TV & Movies

Lisa Marie Presley Reviewed Baz Luhrmann’s Elvis Movie On Twitter

Elvis Presley’s only child weighed in on the new biopic.

Lisa Marie Presley supported the 'Elvis' movie Austin Butler. Photo via Getty Images
GAB Archive/Redferns/Getty Images & Kevin Winter/Getty Images Entertainment/Getty Images

If you were wondering what Elvis Presley’s family thinks about the upcoming Baz Luhrmann biopic, Elvis, you’re in luck — they haven’t been shy about their support for the project. Earlier this May, Priscilla Presley walked the Met Gala red carpet with Austin Butler, the man who’s playing her late husband in the film. And now, two weeks later, Lisa Marie Presley is sharing her own praise for the film about her father.

Though it’s been a while since the singer has been on Twitter — “there really isn’t much to say,” she explained, as she’s been mourning the 2020 loss of her son, Benjamin Keough — she made a rare visit to the social media platform to talk about Elvis, which she said she’s already seen twice. “Let me tell you that it is nothing short of spectacular,” Presley wrote in a May 14 thread. “Absolutely exquisite. Austin Butler channeled and embodied my father’s heart & soul beautifully.”

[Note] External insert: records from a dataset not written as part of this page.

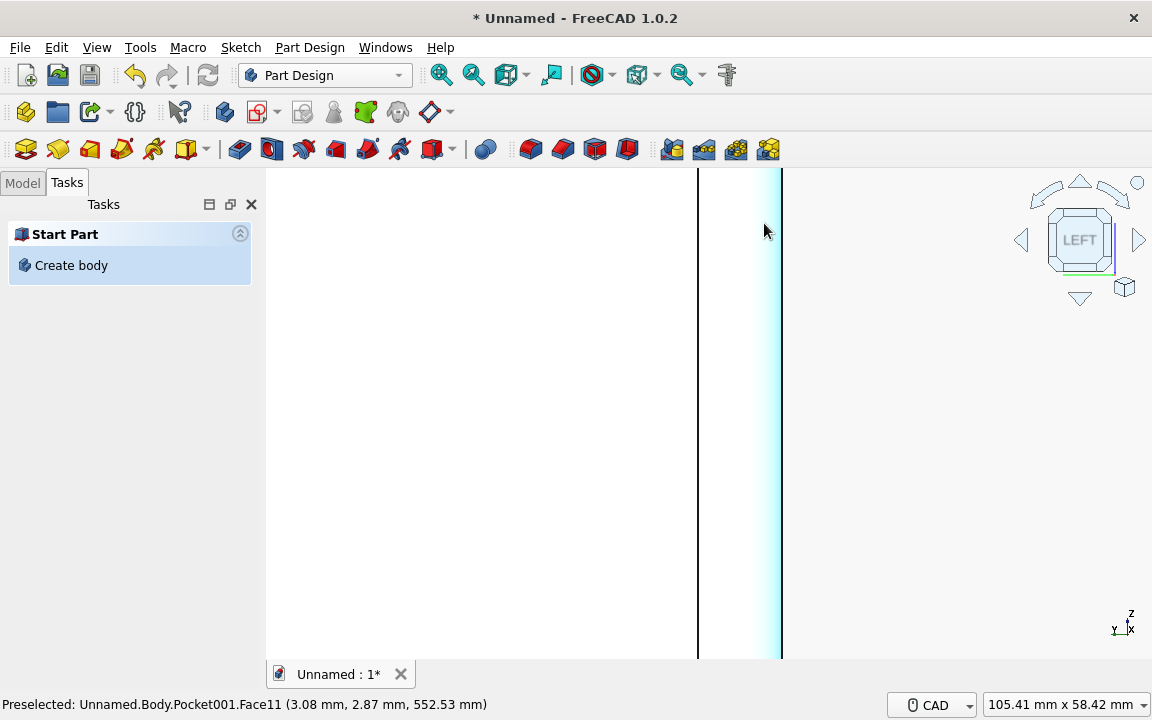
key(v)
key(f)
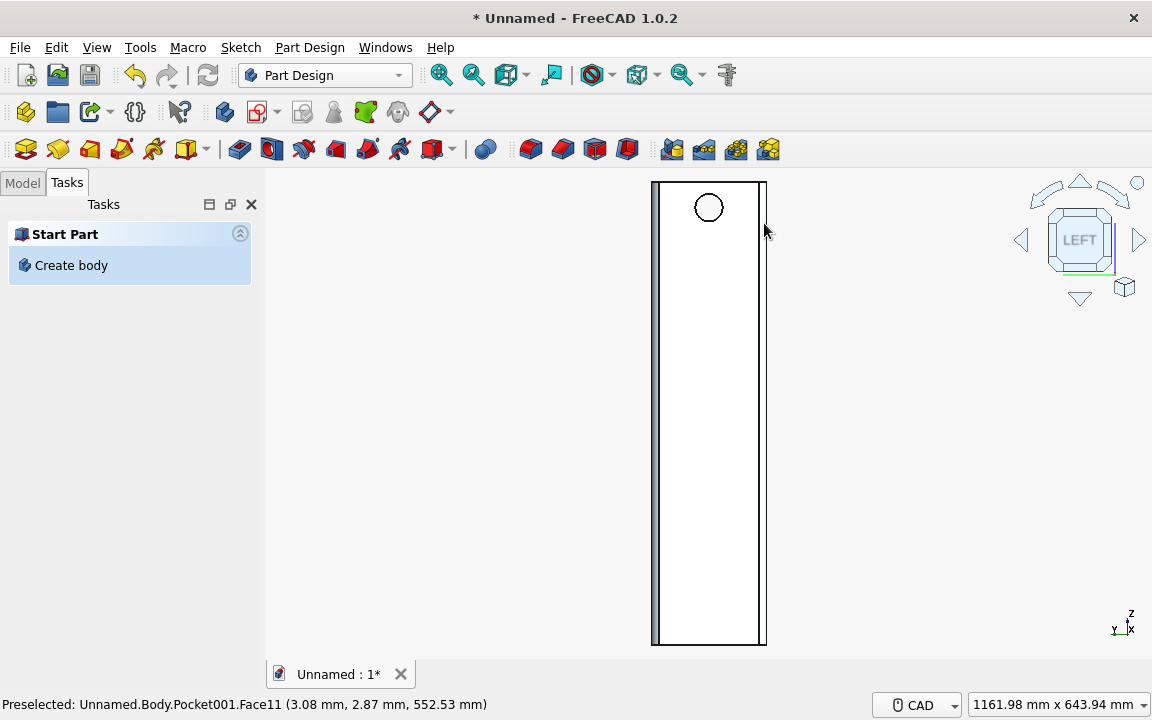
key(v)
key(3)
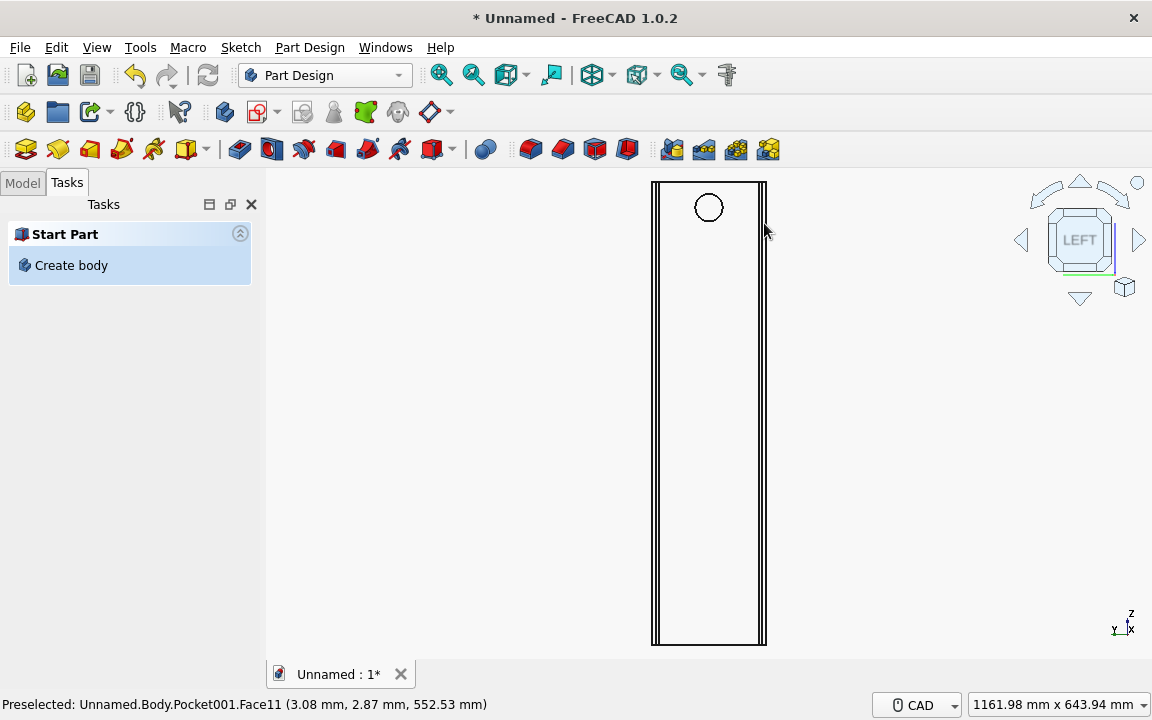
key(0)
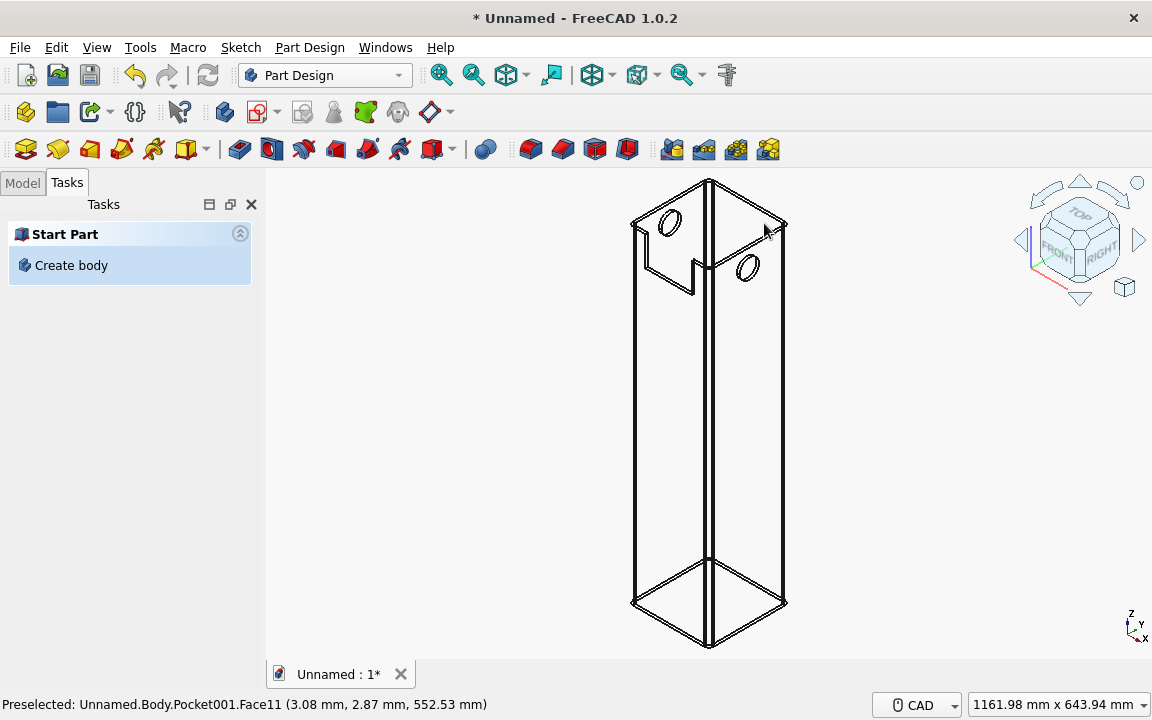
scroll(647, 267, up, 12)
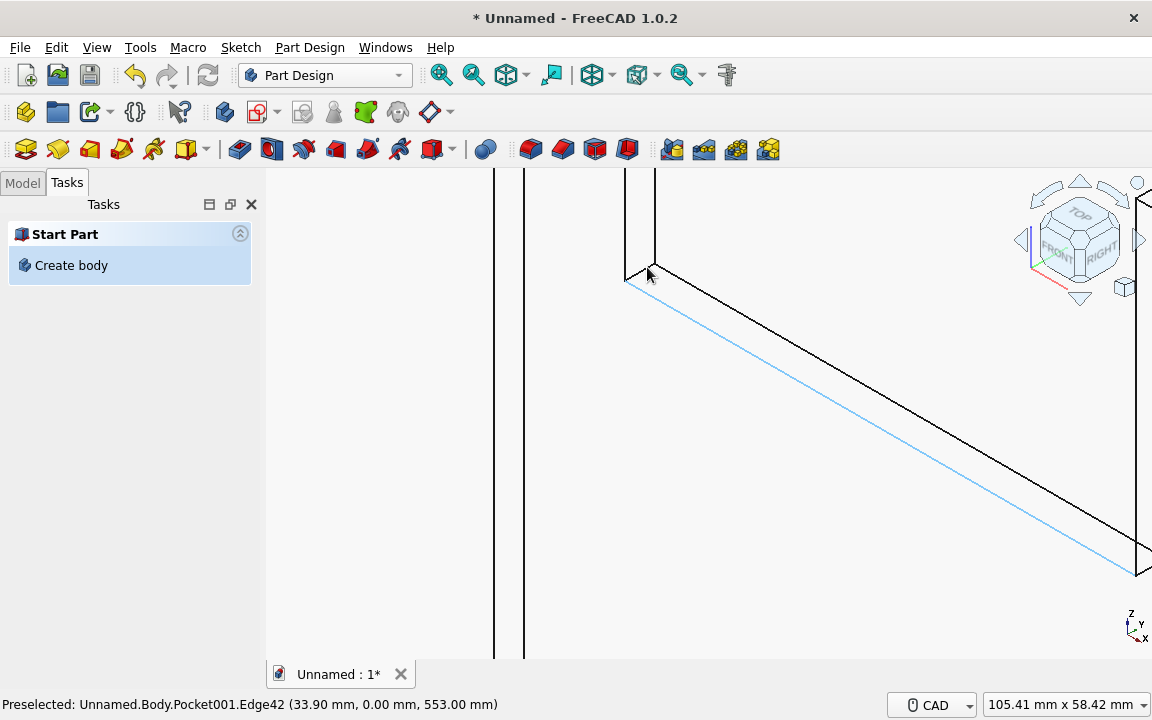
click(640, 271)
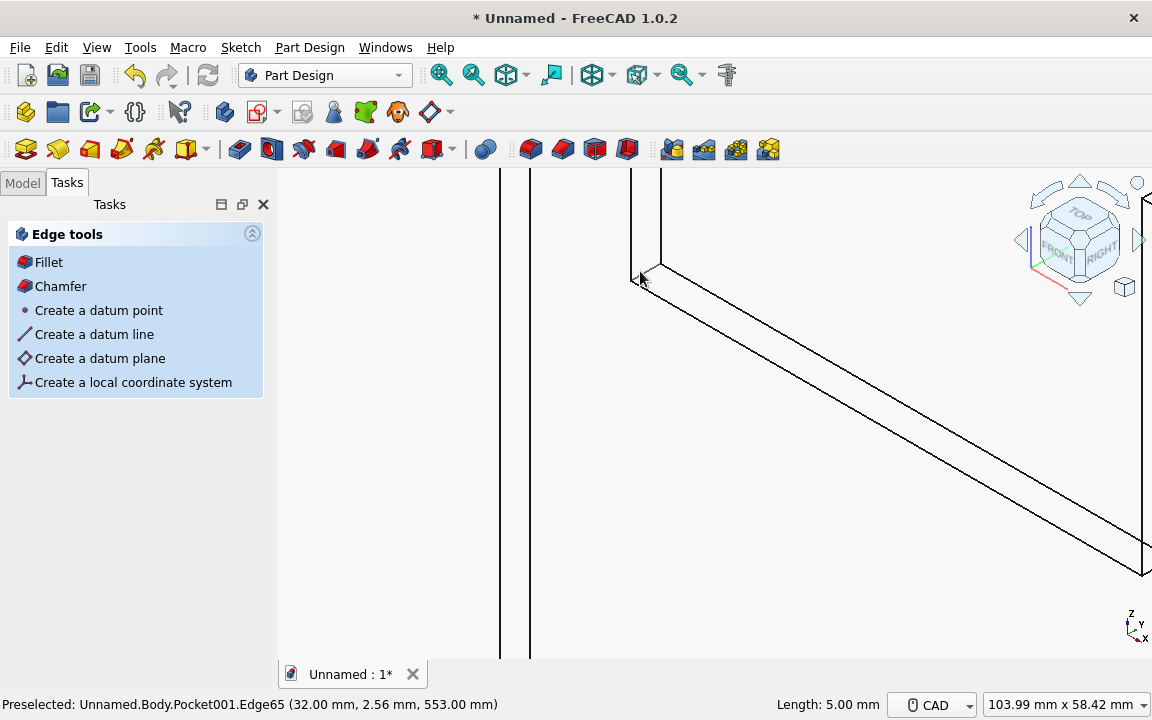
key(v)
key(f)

Presley added that Butler’s take on her father (who died in 1977, when she was 9 years old) was “done accurately and respectfully,” joking that she’ll eat her foot if Butler doesn’t bring home an Oscar. “You can feel and witness Baz’s pure love, care, and respect for my father throughout this beautiful film, and it is finally something that myself and my children and their children can be proud of forever,” she continued.

On showing the film to her daughters — the actor Riley Keough and twins Harper and Finley Lockwood — Presley said they were all “visibly overwhelmed in the best way possible way,” and noted that her son “would have absolutely loved” to see the film, which premieres June 24.

Presley ended her thread with a personal note to Luhrmann, thanking him “for setting the record straight in such a deeply profound and artistic way.”

Of course, the support of those close to a biopic’s subject doesn’t necessarily confer quality — one of the common criticisms raised against Bohemian Rhapsody, for example, was that Queen was too close to the project. But that may not be the case with Elvis. In April, the Daily Express reported that Priscilla “was not directly involved” with the film — and that last year, at Graceland, she said she “[didn’t] know anything about what’s going on” with the script. “Baz can be… y’know he kind of goes off-beat a bit,” she said. “So I don’t know what he’s planning on doing. I just don’t know what direction he’s going to take it in.” (Judging by her Met Gala date and personal praise for the film, it looks like the direction was a good one.)

Elvis follows the “Burning Love” singer through the prism of his complicated relationship with his enigmatic manager, Colonel Tom Parker,” played by Tom Hanks, per the Warner Bros. synopsis. It takes place over the course of two decades — “from Presley’s rise to fame to his unprecedented stardom, against the backdrop of the evolving cultural landscape and loss of innocence in America.”